Anthony Passeron at the Correspondances de Manosque, September 25, 2022.
Anthony Passeron at the Correspondances de Manosque, September 25, 2022. (JOEL SAGET / AFP)

In “Cytomegalovirus”, a text published posthumously in 1992, Hervé Guibert recounts his hospitalization in the fall of 1991 from day to day. It was imposed on him by yet another opportunistic infection, typical of the disease, which could well cost him view.

The writer-photographer is not the first to write about his AIDS, but the success of “To the friend who did not save my life” has established him as one of the essential authors on the subject. . Faithful to the last part of his work, he describes here in detail his daily life as a condemned HIV-positive person, a few weeks before a death which was still, at the start of the second decade of the pandemic, inevitable.

another agony

Behind the subject of the one who recounts his death to come frankly, this evil which has gradually taken hold of him for several novels, another agony, more discreet but just as tangible, takes shape in the background, that of the institution that hosts it.

Guibert discovers old bandages under his bed as soon as he arrives. For lack of sufficient staff, the immunocompromised is installed in a room which has not been cleaned or disinfected.

Part of his story tells of the author’s futile quest to obtain a wheeled IV rack without which he is doomed to stay in bed. Despite her requests, the nurses are unable to provide her with this basic accessory. We are in September 1991 and the writer announces something of the world that is coming. When the person in charge of the service herself undertakes to find him one, Guibert must finally be satisfied with a rickety and rusty IV holder.

The controversies around Annie Ernaux’s Nobel reminded us of this. Even in literature, one can look at the finger more than the moon, speak of style more than substance. This background precisely testifies to the world in which we live, questions us and forces us to think. No doubt we will soon read books that will tell the story of spring 2020, with these caregivers deprived of gowns and masks, these missing resuscitation beds, these patients on respiratory assistance transferred hundreds of kilometers from their loved ones, these dead buried at the go quickly. No doubt we will find beautiful turns of phrase, metaphors to describe the courage of our caregivers, enough to discuss endlessly the style, the intrinsic quality of these texts. It will perhaps be exciting, certainly, but above all less distressing than grasping the depths of it.

What books can

The hospital did not wait for the flu, bronchiolitis, Covid, not even AIDS to tremble. It is repeated on television, on the radio, in the newspapers and even in books, these books of which it is said that some can contribute to changing the world. But that didn’t seem to be enough. This is all the more astonishing in a country that devotes so much space to literature, in which people love to talk about what books say.

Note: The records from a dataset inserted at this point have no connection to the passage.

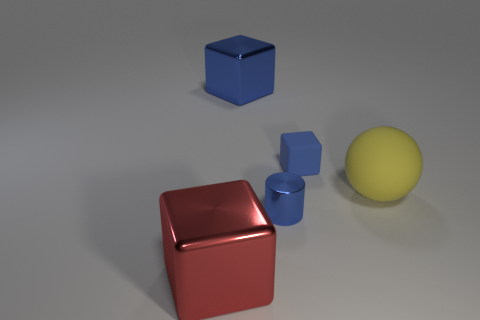There is a thing that is left of the big shiny thing on the right side of the big shiny cube in front of the small blue matte thing; what is its shape?
Make the answer very short. Cube. What is the shape of the red object that is the same size as the blue shiny block?
Your answer should be compact. Cube. There is a blue thing that is in front of the small object behind the cylinder; what number of blue metallic cylinders are on the right side of it?
Provide a short and direct response. 0. Is the number of big objects that are right of the large blue block greater than the number of big objects that are to the left of the tiny cube?
Ensure brevity in your answer.  No. How many other metallic objects are the same shape as the large red shiny object?
Your answer should be compact. 1. How many objects are large cubes behind the small blue cube or big red metal cubes that are on the left side of the tiny shiny object?
Provide a short and direct response. 2. There is a block to the right of the large metal thing that is right of the large thing in front of the big sphere; what is its material?
Offer a terse response. Rubber. There is a cube that is in front of the blue metal cylinder; does it have the same color as the matte ball?
Your response must be concise. No. There is a thing that is both on the right side of the big blue object and in front of the big matte object; what is its material?
Offer a very short reply. Metal. Is there a gray rubber ball of the same size as the cylinder?
Your answer should be compact. No. 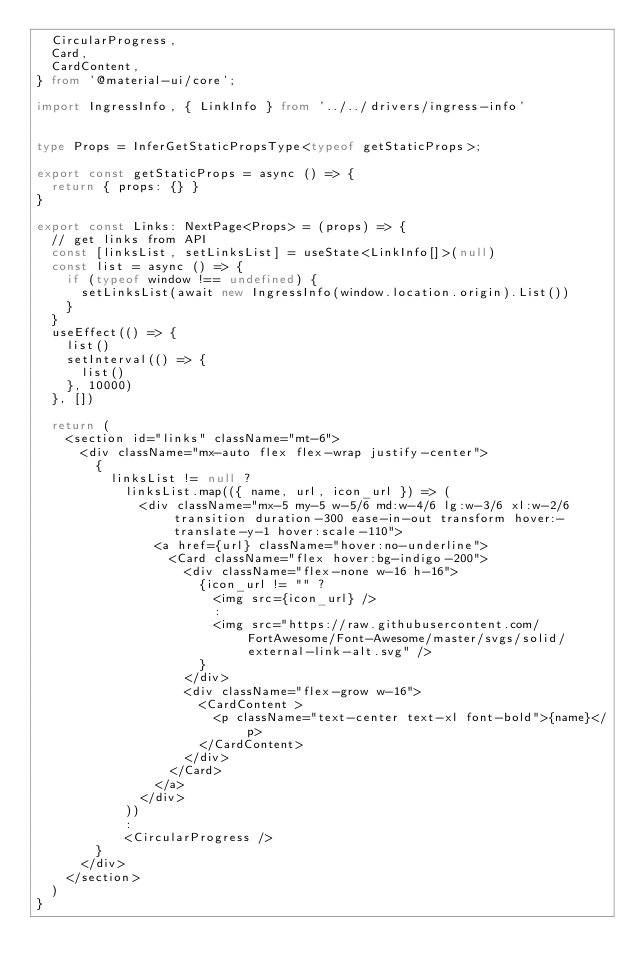<code> <loc_0><loc_0><loc_500><loc_500><_TypeScript_>  CircularProgress,
  Card,
  CardContent,
} from '@material-ui/core';

import IngressInfo, { LinkInfo } from '../../drivers/ingress-info'


type Props = InferGetStaticPropsType<typeof getStaticProps>;

export const getStaticProps = async () => {
  return { props: {} }
}

export const Links: NextPage<Props> = (props) => {
  // get links from API
  const [linksList, setLinksList] = useState<LinkInfo[]>(null)
  const list = async () => {
    if (typeof window !== undefined) {
      setLinksList(await new IngressInfo(window.location.origin).List())
    }
  }
  useEffect(() => {
    list()
    setInterval(() => {
      list()
    }, 10000)
  }, [])

  return (
    <section id="links" className="mt-6">
      <div className="mx-auto flex flex-wrap justify-center">
        {
          linksList != null ?
            linksList.map(({ name, url, icon_url }) => (
              <div className="mx-5 my-5 w-5/6 md:w-4/6 lg:w-3/6 xl:w-2/6 transition duration-300 ease-in-out transform hover:-translate-y-1 hover:scale-110">
                <a href={url} className="hover:no-underline">
                  <Card className="flex hover:bg-indigo-200">
                    <div className="flex-none w-16 h-16">
                      {icon_url != "" ?
                        <img src={icon_url} />
                        :
                        <img src="https://raw.githubusercontent.com/FortAwesome/Font-Awesome/master/svgs/solid/external-link-alt.svg" />
                      }
                    </div>
                    <div className="flex-grow w-16">
                      <CardContent >
                        <p className="text-center text-xl font-bold">{name}</p>
                      </CardContent>
                    </div>
                  </Card>
                </a>
              </div>
            ))
            :
            <CircularProgress />
        }
      </div>
    </section>
  )
}
</code>

We still need to hear them.

The 2022 Wepler-La Poste Foundation Prize for Anthony Passeron

Latest book: Sleeping ChildrenGlobe, 288 pages, 20 euros.The Taste of Others Festival will be held in Le Havre from January 19 to 22. We can meet Brigitte Giraud (Goncourt prize), Emmanuelle Bayamack-Tam (Médicis prize), Sabyl Ghoussoub (Goncourt prize for high school students), Giuliano da Empoli (Grand Prix of the Novel of the French Academy), Laurent Gaudé, Lionel Shriver, Mariana Enriquez, Diaty Diallo, Anthony Passeron, Hadrien Bels and many more… legoutdesautre.lehavre.frAnthony Passeron will notably participate in a meeting entitled “The things of life”, with Brigitte Giraud, on Saturday January 21 at 6 p.m. at the La Galerne bookstore.